What needs to be done =>
Look through the entries below and show every line containing the word "figures".

--------------------

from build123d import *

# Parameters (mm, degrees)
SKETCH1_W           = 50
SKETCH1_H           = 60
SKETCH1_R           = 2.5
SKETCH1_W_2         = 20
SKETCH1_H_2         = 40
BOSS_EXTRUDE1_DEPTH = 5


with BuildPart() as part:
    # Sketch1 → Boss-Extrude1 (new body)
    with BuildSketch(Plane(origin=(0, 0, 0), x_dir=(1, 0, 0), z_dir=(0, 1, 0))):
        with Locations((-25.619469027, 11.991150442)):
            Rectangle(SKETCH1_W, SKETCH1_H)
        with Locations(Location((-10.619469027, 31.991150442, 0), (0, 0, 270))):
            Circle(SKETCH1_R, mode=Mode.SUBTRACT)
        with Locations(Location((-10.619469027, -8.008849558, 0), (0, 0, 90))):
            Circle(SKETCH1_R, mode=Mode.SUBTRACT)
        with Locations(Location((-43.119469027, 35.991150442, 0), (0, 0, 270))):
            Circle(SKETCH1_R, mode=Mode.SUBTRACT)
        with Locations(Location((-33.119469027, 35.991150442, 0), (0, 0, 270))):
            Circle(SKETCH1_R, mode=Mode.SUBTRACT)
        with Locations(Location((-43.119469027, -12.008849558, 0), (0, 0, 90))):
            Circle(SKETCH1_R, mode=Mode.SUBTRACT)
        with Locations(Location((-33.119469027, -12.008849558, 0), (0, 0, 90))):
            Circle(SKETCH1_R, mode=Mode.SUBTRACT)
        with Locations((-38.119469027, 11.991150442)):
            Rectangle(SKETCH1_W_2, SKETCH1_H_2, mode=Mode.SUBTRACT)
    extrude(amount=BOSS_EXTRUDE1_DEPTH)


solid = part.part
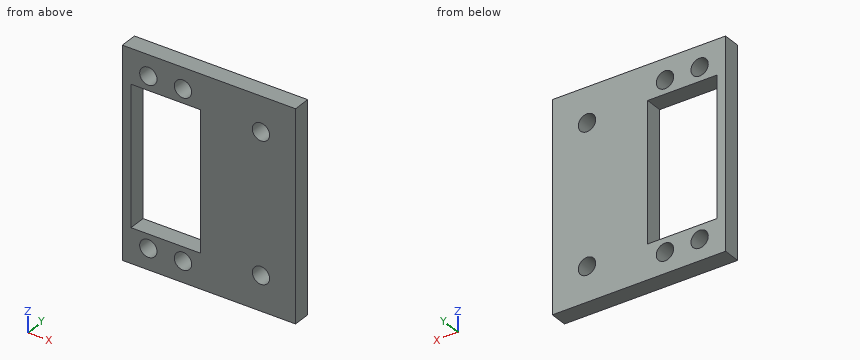
The listing builds one solid part. Answer for the finished solid, in the listing's coordinates (mm). Round coordinates to 2 decimals unless told otherwise and drop trailing zeros. Order: outer loops, then holes, each group sorted by start corner. A loop starts at its lowest first (then second) coordinate and runs counter-clockwise, first axis right, second up. Notation, with made-up numbers: (15.25, 25) -> (73.25, 25) arc R16 cw to (73.25, 32) -> close; hole circle Ø9 at (73.5, 43). An arc over 180 degrees is marked (long way). Write each question's results on one line, items separated by ' | '. Start each with the question number.
Q1. Find section C-C (y = 3.05). Determine the outline of the cut face in (x, z).
Q2. Straight lines are drawn through the part: probe 1 along X at (y, z) = (4.1, -4); probe 2 along Z at (x, y) = (-33, 2.75); probe 3 along X at (y, z) = (0.55, -30). For each, find the intervals that lie inside material, in ascending order. Write a range as from..to.
Q3. Find section A-A (x = -47). Determine the outline of the cut face in (y, z), then the cut area to 3 significant figures.
Q4. Find section B-B (z = -7). Determine the outline of the cut face in (x, y), then the cut area to 3 significant figures.
Q5. This flat-tipped pin is pushed along its axis until it touches: pin 1 (4.5 mm diameter, centred on x = -33.12, z = -35.99, fed in from +Y). Where does it stop, or does it pass through?
Worked answers:
1) outline: (-50.62, -41.99) -> (-0.62, -41.99) -> (-0.62, 18.01) -> (-50.62, 18.01) -> close; hole (-48.12, -31.99) -> (-28.12, -31.99) -> (-28.12, 8.01) -> (-48.12, 8.01) -> close; hole circle Ø5 at (-43.12, -35.99); hole circle Ø5 at (-43.12, 12.01); hole circle Ø5 at (-33.12, -35.99); hole circle Ø5 at (-33.12, 12.01); hole circle Ø5 at (-10.62, -31.99); hole circle Ø5 at (-10.62, 8.01)
2) probe 1: x = -50.62..-48.12, -28.12..-0.62 | probe 2: z = -41.99..-38.49, -33.49..-31.99, 8.01..9.51, 14.51..18.01 | probe 3: x = -50.62..-48.12, -28.12..-12.13, -9.11..-0.62
3) outline: (0, -41.99) -> (5, -41.99) -> (5, -31.99) -> (0, -31.99) -> close; (0, 8.01) -> (5, 8.01) -> (5, 18.01) -> (0, 18.01) -> close | area: 100 mm2
4) outline: (-50.62, 0) -> (-48.12, 0) -> (-48.12, 5) -> (-50.62, 5) -> close; (-28.12, 0) -> (-0.62, 0) -> (-0.62, 5) -> (-28.12, 5) -> close | area: 150 mm2
5) pin 1: passes through

--------------------

Solution for this problem =>
Q3. Find section A-A (x = -47). Determine the outline of the cut face in (y, z), then the cut area to 3 significant figures.
Q4. Find section B-B (z = -7). Determine the outline of the cut face in (x, y), then the cut area to 3 significant figures.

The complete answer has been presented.